Bacaan kita kali ini berada dalam konteks pesta besar yang diadakan Ahasyweros, raja Persia itu. Di akhir pesta tersebut, Raja Ahasyweros memerintahkan para sida-sidanya untuk membawa Ratu Wasti ke hadapannya. Tujuannya bukan sekadar memperkenalkan sang ratu, melainkan memamerkan kecantikannya di depan para pejabat dan tamu yang telah mabuk. Sebuah tindakan yang tentu melukai martabat Wasti sebagai seorang perempuan dan ratu. Ia menganggap istrinya tidak ubahnya sekedar properti yang setara dengan harta benda lainnya. Penolakan Wasti untuk tampil bukan sekadar tindakan pembangkangan, melainkan cermin dari keberanian menjaga harga diri. Meski dia bukan penyembah Allah Israel, Wasti menunjukkan kebijaksanaan dan kesadaran diri yang tinggi. Dalam dunia yang seringkali memaksa perempuan untuk tunduk tanpa suara, Wasti berdiri teguh, meski ia tahu risiko besar menantinya.

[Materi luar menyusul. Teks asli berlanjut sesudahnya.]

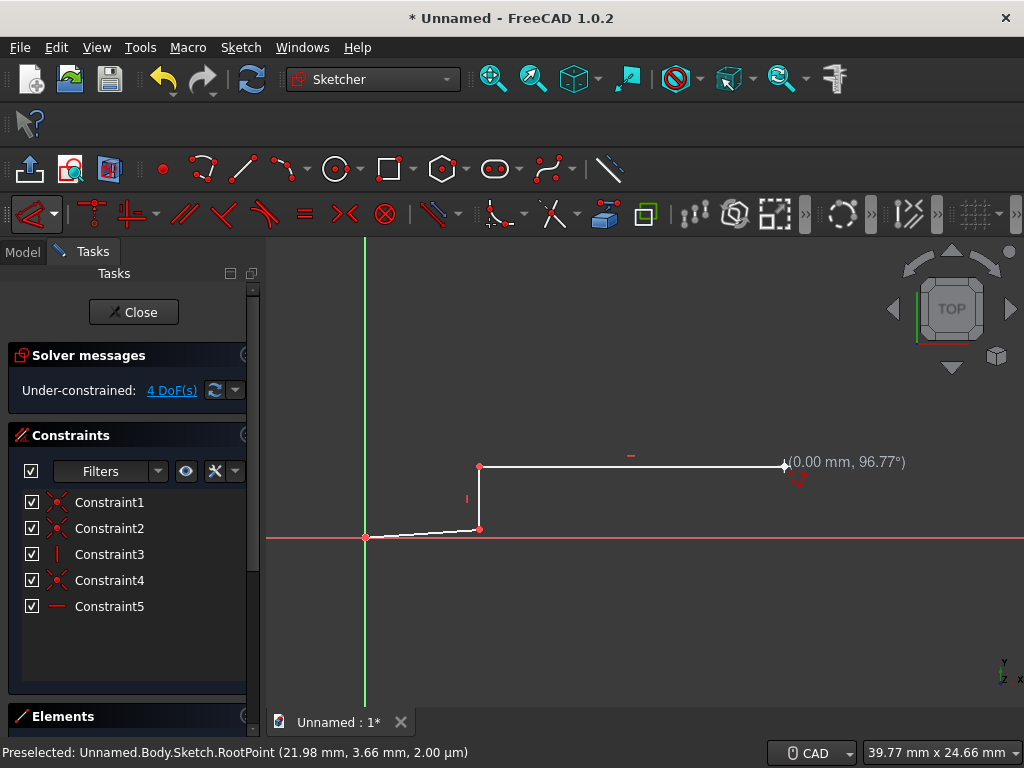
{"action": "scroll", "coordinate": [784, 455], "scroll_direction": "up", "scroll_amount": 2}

Amarah raja yang membara menjadi cermin bahaya dari kekuasaan yang dipadukan dengan ego yang terluka. Saat kekuasaan tidak dibarengi kebijaksanaan, keputusan yang diambil sering kali berujung pada ketidakadilan. Mehuman, salah satu penasihat raja, memperkeruh keadaan dengan menakut-nakuti bahwa tindakan Wasti akan memicu pemberontakan para istri terhadap suami mereka. Alasan yang tampak menjaga ketertiban keluarga ini sejatinya berakar pada ketakutan kehilangan kontrol, bukan pada keinginan membangun hubungan yang saling menghormati. Raja pun memutuskan membuang Wasti dan mengeluarkan dekrit agar setiap suami menjadi penguasa di rumahnya. Keputusan ini, meski tampak kuat di permukaan, sesungguhnya mencerminkan kelemahan yakni ketidakmampuan seorang pemimpin untuk mendengarkan dan menghormati suara yang berbeda.

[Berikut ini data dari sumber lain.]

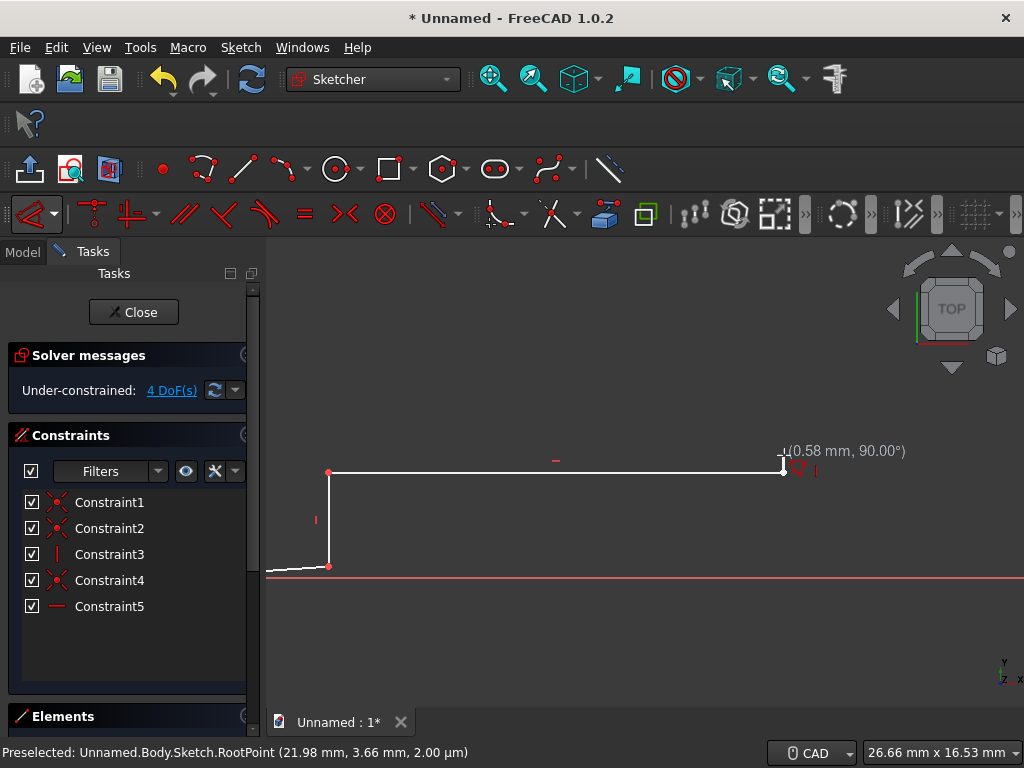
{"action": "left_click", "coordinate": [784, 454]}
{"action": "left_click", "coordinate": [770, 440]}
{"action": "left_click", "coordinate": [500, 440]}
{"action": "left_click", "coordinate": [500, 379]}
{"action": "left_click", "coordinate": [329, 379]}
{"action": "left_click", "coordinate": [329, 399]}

Sahabat Alkitab, hari ini kita belajar untuk kembali merenungkan kemanusiaan kita. Sudahkah kita memperlakukan orang lain dengan sebaik-baiknya dan seadil-adilnya. jangan- jangan kita masih terjebak dalam pola pikir yang menganggap wajar merendahkan orang lain berdasarkan asal-usul maupun keberadaan mereka. Bukankah Tuhan menghendaki kita untuk hidup penuh kasih antara seorang dengan yang lainnya. Menghargai dan menghormati setiap orang karena mereka pun adalah pribadi-pribadi yang dikasihi oleh Tuhan. Apa yang kita punya adalah anugerah dan bukan alasan untuk merendahkan orang lain. Semoga Tuhan menuntun kita untuk dapat adil sejak dari dalam pikiran.